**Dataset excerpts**
==============================

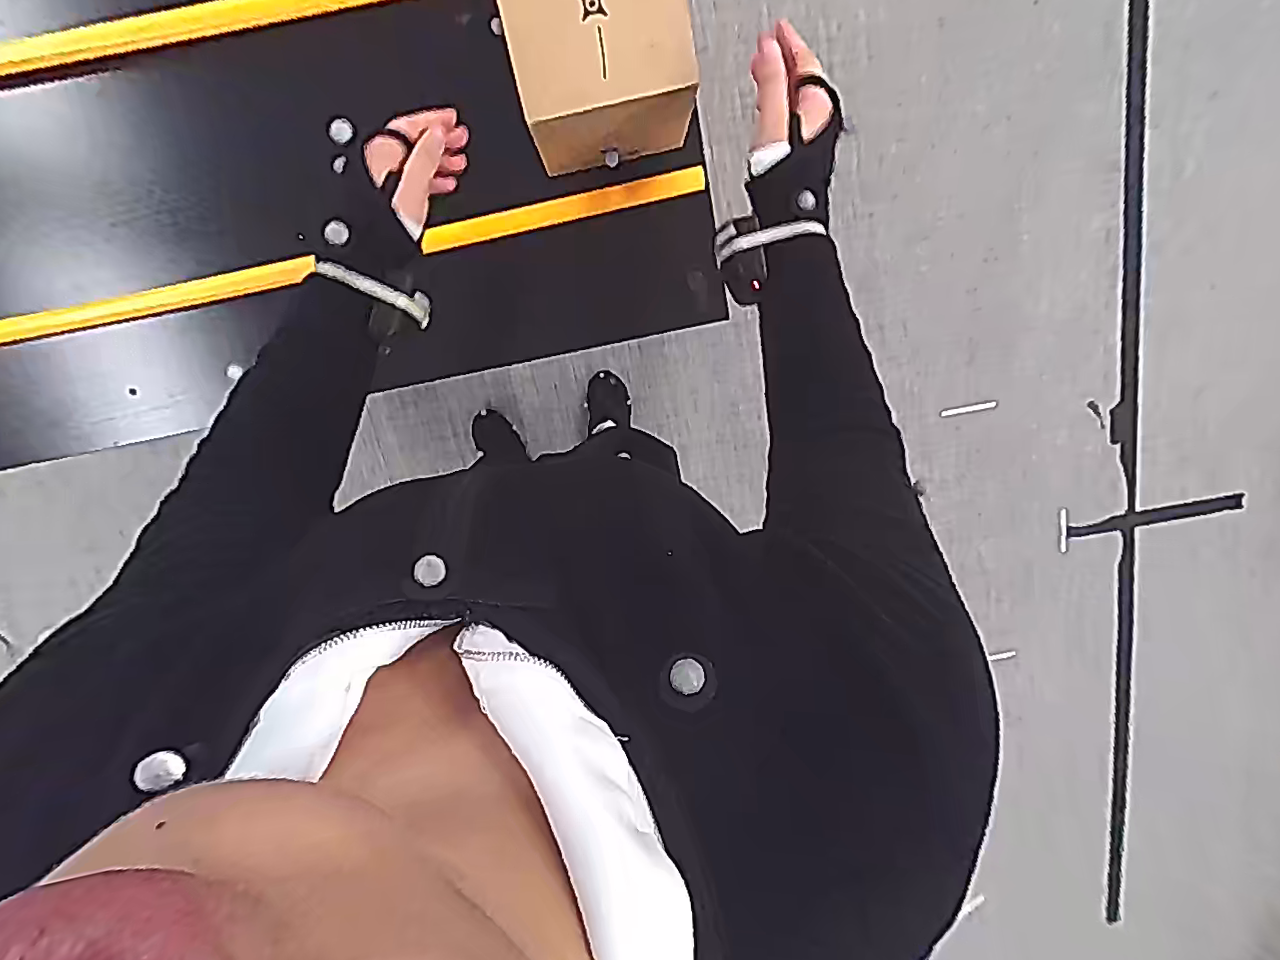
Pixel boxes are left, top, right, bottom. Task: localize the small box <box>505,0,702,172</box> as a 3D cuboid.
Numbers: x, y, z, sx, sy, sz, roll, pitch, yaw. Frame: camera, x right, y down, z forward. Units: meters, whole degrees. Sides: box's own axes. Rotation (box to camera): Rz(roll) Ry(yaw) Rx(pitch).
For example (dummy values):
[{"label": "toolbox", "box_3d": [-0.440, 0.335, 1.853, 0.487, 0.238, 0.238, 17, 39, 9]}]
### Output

==============================

Exactly the lines from the one containing "For example (dummy" through the end of the records above should be returned, with both ends kept.

For example (dummy values):
[{"label": "toolbox", "box_3d": [-0.440, 0.335, 1.853, 0.487, 0.238, 0.238, 17, 39, 9]}]
### Output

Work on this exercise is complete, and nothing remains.